I'm absolutely not dismissing the possible link between feminising pollutants and human health, but this is not a good paper to hang it on.
fnxtr · 8 June 2012
Heh. You want men to take action, threaten their masculinity. Works every time. :-)
Frank J · 8 June 2012
Paul Burnett · 8 June 2012
Frank J · 8 June 2012
John_S · 8 June 2012
Dave Luckett · 8 June 2012
Ancient north Queensland joke. "What can you expect? His father and both his grandfathers were the same bloke."
harold · 9 June 2012
Ron Okimoto · 9 June 2012
SensuousCurmudgeon · 9 June 2012
Henry J · 9 June 2012
harold · 10 June 2012
surprisesaplenty · 10 June 2012
Other commenters, please correct me: I am not trying to be racist but I am basing the opinion below on 'common knowledge' that I feel is or was part of my upbringing.

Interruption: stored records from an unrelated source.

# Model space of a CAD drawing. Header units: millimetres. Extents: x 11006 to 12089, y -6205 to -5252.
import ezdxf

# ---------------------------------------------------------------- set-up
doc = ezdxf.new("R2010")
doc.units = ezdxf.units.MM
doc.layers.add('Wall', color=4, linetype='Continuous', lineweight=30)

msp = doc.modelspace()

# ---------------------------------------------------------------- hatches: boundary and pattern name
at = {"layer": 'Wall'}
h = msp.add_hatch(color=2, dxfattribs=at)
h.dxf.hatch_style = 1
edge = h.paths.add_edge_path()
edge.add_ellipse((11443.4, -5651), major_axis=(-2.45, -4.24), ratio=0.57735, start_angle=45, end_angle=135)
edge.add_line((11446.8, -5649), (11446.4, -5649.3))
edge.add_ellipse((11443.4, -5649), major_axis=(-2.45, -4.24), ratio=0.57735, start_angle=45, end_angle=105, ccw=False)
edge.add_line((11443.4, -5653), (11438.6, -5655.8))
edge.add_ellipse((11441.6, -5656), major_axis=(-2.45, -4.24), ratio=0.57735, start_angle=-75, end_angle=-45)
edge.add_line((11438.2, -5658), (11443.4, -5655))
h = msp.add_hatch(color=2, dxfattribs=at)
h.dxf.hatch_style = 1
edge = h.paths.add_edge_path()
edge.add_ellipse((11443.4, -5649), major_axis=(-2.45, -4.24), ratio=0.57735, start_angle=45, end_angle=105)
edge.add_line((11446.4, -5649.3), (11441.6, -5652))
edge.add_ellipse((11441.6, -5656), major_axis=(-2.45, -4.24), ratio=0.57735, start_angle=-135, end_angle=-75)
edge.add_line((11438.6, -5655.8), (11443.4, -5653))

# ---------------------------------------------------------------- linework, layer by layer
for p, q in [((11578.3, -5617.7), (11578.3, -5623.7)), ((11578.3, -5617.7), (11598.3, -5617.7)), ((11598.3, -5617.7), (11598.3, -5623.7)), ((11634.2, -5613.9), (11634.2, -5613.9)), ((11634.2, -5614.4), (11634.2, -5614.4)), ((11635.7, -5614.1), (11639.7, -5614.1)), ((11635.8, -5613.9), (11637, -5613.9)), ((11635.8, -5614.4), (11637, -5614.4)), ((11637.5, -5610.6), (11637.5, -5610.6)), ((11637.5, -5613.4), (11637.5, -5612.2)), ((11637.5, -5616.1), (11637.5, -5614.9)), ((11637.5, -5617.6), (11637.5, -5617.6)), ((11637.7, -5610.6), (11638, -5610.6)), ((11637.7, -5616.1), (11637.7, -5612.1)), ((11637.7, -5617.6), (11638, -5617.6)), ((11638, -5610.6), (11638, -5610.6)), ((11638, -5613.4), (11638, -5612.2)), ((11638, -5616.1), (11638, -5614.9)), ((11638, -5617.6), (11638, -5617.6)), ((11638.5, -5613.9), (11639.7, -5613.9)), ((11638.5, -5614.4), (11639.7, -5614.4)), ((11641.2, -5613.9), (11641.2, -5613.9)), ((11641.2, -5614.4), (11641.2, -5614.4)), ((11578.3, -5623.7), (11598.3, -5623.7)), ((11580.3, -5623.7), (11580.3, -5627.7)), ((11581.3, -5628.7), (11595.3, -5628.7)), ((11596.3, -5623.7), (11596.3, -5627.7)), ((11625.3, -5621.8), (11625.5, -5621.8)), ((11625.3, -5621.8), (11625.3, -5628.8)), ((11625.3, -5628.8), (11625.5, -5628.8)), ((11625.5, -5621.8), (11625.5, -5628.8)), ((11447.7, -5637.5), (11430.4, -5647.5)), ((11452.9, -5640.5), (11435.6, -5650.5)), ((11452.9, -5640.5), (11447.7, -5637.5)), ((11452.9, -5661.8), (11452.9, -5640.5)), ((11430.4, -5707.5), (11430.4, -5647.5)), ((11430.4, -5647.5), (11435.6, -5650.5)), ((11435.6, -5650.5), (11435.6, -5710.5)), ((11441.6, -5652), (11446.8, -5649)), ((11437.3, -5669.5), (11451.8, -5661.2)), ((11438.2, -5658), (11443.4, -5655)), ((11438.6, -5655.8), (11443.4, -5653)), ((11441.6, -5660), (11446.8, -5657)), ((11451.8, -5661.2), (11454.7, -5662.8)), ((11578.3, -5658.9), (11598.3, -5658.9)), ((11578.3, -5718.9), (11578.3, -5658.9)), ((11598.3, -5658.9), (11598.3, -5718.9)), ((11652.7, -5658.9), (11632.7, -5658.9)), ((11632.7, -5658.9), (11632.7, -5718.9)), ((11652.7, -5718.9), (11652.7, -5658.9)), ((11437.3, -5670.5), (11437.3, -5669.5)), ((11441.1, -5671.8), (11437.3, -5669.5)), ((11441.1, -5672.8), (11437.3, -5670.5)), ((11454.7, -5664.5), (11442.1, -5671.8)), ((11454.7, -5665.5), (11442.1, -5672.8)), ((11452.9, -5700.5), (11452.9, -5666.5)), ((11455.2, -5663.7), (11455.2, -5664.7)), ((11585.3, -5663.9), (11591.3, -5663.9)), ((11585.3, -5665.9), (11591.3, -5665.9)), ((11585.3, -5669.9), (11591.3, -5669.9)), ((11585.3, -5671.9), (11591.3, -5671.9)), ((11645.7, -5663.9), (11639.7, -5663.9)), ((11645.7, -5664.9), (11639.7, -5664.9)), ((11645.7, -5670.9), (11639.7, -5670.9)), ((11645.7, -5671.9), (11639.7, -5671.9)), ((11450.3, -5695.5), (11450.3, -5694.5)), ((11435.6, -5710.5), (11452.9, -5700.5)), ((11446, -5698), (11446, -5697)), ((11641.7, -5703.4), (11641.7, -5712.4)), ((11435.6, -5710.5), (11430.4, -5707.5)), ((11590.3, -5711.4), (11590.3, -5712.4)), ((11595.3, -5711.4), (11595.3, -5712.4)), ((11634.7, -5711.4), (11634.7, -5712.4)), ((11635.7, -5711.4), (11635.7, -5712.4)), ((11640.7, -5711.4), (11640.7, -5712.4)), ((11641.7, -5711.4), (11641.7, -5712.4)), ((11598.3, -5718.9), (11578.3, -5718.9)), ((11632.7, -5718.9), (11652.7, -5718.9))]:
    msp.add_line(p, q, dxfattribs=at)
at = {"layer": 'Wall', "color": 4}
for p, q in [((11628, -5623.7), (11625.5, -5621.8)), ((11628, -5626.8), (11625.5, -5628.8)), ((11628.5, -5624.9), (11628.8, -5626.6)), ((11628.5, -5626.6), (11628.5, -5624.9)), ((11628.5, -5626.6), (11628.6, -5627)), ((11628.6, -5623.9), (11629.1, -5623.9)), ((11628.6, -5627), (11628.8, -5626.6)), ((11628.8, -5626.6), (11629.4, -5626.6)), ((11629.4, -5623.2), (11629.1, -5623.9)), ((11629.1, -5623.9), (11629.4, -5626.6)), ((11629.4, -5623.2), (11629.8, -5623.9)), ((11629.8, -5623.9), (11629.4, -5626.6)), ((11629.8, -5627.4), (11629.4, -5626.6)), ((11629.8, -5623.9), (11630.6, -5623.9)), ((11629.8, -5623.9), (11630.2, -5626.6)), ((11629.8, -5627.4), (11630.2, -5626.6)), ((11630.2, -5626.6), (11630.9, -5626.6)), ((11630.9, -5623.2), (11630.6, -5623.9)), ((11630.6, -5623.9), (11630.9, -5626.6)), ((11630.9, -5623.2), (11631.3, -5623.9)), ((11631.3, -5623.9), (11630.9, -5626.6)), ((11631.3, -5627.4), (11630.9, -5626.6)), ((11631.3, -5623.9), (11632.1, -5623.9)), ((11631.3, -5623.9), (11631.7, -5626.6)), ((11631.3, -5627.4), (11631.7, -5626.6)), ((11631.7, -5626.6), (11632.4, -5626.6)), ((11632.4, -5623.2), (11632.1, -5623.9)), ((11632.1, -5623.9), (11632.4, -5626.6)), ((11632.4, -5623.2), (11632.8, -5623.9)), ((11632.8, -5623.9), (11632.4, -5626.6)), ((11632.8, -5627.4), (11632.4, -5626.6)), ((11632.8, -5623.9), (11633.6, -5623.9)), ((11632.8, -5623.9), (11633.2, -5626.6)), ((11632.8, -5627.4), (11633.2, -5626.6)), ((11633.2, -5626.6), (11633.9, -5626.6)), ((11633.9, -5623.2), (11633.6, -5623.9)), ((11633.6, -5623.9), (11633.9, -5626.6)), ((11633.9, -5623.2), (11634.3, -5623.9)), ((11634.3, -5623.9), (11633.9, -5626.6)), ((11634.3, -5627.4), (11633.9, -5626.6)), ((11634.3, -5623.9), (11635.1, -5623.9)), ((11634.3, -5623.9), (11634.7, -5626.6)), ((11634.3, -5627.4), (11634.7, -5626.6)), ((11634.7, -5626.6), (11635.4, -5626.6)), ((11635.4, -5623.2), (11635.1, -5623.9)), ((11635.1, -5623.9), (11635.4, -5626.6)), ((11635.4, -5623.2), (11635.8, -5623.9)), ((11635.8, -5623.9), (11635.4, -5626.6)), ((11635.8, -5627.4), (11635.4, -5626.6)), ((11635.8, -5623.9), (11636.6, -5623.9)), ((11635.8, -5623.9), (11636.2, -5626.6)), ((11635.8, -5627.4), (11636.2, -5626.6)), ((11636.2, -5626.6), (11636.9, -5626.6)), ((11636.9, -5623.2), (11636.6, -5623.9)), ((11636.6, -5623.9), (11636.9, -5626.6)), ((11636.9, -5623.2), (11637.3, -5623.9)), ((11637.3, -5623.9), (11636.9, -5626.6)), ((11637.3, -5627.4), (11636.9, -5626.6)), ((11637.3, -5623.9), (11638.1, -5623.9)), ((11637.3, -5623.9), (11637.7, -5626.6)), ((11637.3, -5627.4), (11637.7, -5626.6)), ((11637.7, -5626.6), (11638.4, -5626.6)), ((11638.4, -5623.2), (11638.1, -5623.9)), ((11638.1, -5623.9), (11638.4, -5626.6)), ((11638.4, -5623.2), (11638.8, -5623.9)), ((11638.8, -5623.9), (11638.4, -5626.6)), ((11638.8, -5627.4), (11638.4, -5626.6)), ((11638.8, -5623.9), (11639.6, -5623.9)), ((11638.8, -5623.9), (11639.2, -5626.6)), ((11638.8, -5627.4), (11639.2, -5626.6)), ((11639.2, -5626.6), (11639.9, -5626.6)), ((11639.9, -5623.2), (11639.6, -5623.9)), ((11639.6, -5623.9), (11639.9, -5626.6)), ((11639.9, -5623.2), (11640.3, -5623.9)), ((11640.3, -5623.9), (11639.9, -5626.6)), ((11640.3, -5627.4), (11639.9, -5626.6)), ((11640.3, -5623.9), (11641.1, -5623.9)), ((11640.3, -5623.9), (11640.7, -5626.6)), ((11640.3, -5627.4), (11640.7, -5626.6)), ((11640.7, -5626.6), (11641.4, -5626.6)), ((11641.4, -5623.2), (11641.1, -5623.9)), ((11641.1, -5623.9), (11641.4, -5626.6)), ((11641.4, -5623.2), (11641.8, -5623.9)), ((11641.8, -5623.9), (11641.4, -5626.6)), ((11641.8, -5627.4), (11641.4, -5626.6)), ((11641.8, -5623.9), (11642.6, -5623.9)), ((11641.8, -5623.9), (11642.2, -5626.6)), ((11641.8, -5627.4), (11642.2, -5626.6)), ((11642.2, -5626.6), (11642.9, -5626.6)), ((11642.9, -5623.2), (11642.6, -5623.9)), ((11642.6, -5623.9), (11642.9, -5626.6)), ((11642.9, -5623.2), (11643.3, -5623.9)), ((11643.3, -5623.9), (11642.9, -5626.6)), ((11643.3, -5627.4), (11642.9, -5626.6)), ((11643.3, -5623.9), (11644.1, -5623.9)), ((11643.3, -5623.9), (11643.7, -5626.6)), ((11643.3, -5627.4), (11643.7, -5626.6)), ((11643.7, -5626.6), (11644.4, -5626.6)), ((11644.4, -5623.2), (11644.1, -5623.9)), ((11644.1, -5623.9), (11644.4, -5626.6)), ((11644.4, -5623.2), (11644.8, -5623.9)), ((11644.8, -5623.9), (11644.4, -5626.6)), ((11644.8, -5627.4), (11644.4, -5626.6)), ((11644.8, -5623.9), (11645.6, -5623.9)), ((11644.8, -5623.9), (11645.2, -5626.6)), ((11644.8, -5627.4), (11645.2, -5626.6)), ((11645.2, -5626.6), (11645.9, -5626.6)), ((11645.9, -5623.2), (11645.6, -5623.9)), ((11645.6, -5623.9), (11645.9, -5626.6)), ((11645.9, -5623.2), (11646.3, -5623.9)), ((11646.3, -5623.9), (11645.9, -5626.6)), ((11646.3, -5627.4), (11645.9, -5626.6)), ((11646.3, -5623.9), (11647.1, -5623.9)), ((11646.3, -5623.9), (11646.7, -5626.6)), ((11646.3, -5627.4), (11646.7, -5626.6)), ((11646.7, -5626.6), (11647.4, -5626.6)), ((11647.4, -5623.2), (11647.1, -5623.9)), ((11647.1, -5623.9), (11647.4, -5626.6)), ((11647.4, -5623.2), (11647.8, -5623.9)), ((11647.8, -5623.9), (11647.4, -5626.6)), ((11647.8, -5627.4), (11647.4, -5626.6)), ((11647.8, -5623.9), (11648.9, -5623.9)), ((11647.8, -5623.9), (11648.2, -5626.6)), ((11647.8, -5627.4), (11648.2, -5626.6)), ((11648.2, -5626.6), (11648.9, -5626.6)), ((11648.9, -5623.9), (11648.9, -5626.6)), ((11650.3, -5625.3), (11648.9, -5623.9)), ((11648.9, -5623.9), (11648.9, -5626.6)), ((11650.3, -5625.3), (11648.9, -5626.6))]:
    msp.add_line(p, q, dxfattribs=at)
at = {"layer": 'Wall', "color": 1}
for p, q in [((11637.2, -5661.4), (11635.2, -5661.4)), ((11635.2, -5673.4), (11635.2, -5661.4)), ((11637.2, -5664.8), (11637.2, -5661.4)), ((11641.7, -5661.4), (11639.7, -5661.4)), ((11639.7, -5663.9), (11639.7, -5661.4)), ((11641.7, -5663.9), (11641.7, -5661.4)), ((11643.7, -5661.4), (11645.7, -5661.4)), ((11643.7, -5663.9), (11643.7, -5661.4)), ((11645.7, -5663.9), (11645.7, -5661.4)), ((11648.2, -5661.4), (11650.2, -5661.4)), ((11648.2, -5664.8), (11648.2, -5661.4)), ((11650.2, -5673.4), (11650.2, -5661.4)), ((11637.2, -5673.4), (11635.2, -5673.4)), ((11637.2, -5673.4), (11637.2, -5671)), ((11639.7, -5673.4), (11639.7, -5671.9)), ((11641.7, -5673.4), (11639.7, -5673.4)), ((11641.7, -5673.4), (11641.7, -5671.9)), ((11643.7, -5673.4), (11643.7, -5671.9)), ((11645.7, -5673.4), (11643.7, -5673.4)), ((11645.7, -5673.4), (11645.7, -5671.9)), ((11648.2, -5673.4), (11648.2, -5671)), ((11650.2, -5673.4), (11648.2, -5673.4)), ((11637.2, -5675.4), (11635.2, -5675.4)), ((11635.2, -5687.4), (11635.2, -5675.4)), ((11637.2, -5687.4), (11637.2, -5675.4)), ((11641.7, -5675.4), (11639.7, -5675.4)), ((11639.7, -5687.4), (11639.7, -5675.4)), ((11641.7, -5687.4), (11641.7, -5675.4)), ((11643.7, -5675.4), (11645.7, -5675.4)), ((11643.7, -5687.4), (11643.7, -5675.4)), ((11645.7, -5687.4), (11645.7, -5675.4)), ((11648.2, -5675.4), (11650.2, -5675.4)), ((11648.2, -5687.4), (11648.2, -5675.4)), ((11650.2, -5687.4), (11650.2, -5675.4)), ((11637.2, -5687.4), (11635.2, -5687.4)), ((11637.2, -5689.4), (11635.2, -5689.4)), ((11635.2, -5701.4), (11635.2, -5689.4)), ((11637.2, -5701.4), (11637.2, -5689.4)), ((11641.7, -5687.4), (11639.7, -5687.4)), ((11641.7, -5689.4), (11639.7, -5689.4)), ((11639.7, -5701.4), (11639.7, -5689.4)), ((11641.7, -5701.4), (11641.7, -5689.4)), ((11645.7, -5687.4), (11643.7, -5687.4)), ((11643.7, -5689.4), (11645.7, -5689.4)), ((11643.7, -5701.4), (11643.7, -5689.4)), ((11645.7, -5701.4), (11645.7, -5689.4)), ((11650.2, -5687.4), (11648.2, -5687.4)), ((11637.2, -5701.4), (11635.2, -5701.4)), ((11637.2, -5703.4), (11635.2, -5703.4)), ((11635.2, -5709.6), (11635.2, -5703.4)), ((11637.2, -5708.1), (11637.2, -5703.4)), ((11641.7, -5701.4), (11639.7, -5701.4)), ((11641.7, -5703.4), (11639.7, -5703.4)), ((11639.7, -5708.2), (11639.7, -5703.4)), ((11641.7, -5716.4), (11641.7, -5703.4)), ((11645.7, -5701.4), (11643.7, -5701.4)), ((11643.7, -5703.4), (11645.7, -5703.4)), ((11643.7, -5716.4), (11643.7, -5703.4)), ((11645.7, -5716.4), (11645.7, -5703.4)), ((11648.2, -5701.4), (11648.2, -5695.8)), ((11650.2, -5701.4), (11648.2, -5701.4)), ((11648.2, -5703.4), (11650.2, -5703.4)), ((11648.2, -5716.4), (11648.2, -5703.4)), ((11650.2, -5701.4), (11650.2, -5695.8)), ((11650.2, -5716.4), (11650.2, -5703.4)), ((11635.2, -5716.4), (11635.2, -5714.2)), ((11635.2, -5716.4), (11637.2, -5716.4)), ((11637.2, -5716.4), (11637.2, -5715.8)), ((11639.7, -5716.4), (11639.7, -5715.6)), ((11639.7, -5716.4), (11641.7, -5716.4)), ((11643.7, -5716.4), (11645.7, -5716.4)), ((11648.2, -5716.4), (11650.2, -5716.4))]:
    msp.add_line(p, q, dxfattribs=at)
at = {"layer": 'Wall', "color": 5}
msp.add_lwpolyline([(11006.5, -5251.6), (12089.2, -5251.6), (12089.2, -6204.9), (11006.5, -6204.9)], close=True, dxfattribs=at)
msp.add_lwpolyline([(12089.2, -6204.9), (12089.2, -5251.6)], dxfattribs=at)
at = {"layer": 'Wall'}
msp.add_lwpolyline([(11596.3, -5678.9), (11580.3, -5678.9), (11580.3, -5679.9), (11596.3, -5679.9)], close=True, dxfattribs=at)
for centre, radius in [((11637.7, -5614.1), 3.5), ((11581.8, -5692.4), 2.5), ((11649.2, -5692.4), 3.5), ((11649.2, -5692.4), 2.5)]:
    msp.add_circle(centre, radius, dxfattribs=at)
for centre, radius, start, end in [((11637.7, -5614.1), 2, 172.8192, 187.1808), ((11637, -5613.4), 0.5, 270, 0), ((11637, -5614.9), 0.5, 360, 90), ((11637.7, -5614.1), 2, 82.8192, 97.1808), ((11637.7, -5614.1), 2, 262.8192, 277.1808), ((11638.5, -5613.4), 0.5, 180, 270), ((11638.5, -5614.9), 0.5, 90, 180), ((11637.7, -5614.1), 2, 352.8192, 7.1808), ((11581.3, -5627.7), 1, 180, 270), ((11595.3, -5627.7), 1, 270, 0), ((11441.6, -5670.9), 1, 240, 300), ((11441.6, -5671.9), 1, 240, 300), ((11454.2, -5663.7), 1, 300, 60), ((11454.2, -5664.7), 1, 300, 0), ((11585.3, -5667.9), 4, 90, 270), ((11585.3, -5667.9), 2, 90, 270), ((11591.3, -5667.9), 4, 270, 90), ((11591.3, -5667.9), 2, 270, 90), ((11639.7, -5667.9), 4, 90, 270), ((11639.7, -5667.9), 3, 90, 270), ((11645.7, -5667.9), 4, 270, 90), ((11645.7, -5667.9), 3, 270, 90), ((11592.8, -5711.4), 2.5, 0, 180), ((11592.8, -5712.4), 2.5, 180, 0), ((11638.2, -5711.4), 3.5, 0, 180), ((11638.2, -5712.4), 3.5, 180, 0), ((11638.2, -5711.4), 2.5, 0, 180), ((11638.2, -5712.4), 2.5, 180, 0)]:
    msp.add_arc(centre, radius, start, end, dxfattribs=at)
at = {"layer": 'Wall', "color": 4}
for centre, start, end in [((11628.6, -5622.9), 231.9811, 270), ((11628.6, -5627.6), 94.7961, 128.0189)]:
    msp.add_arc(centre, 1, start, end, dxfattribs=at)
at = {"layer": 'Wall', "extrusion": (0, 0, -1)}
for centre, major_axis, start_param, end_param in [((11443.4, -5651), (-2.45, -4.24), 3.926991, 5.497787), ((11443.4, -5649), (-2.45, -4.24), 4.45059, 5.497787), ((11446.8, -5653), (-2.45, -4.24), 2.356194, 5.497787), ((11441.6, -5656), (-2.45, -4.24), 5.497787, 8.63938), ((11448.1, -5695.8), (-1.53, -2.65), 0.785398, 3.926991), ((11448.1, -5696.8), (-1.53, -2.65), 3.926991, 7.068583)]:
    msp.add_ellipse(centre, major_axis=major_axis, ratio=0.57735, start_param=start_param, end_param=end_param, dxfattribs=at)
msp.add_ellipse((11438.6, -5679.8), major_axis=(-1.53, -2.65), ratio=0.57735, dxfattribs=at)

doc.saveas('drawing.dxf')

@ Chris Lawson: I don't know but I suspect the Native American group was described in the study because they eat more fish than the more diverse Sarnia population.
I read Our Stolen Future about 15 years ago and it discusses similar problems, focusing on the Great Lakes.
http://www.amazon.com/Our-Stolen-Future-Threatening-Intelligence/dp/0452274141/ref=sr_1_1?ie=UTF8&qid=1339366414&sr=8-1&keywords=our+stolen+future
Chris Lawson · 11 June 2012
eric · 11 June 2012
Chris Lawson - thanks for your response, I also had a very eyebrow-raising moment when I read that 50:100 figure. A smaller decrease I would've believed (was due to pollution, without any further evidence). But that is so big that, IMO, statistical shennanigans becomes a far more likely explanation. And bang, there's your post, identifying that this ratio occurred in a single sub-population in that region. Which makes it sound like someone drew the bullseye after they shot the arrow.
Still, even if the effect is smaller than reported, I pretty much agree with fnxtr's political point: so long as our country is ruled by rich men, stressing pollution's effect on male gonads may be one of the few conservation arguments that actually work.
Frank J · 11 June 2012
I don't see what all the fuss is about. Just do what millions of people have been demanding for decades. Just get rid of "chemicals." Start with this nasty stuff.
BTW, I know I have been fighting a futile battle with the word "creationism" and its variants, but I'm even more militant when it comes to "chemical." If it were up to me, the word would never be used as a noun, and only sparingly as an adjective.
Chris Lawson · 11 June 2012
Eric,
I'm all in favour of robust political action to reduce pollution, but I think it's critical that we use the best evidence available. Dressing up unimpressive papers has an awful tendency to backfire and it turns a battle for best practice into a battle for political spin (and in a fight between dishonest bastards, the richer, more powerful bastard will generally win). Even if it helps the battle at hand, say reducing pollution in Sarnia, it can have unexpected knock-on effects, say increasing unwarranted fear of chemicals and feeding anti-vaccination rhetoric, or closing down chemical plants with good waste and safety practices along with the cowboy operators.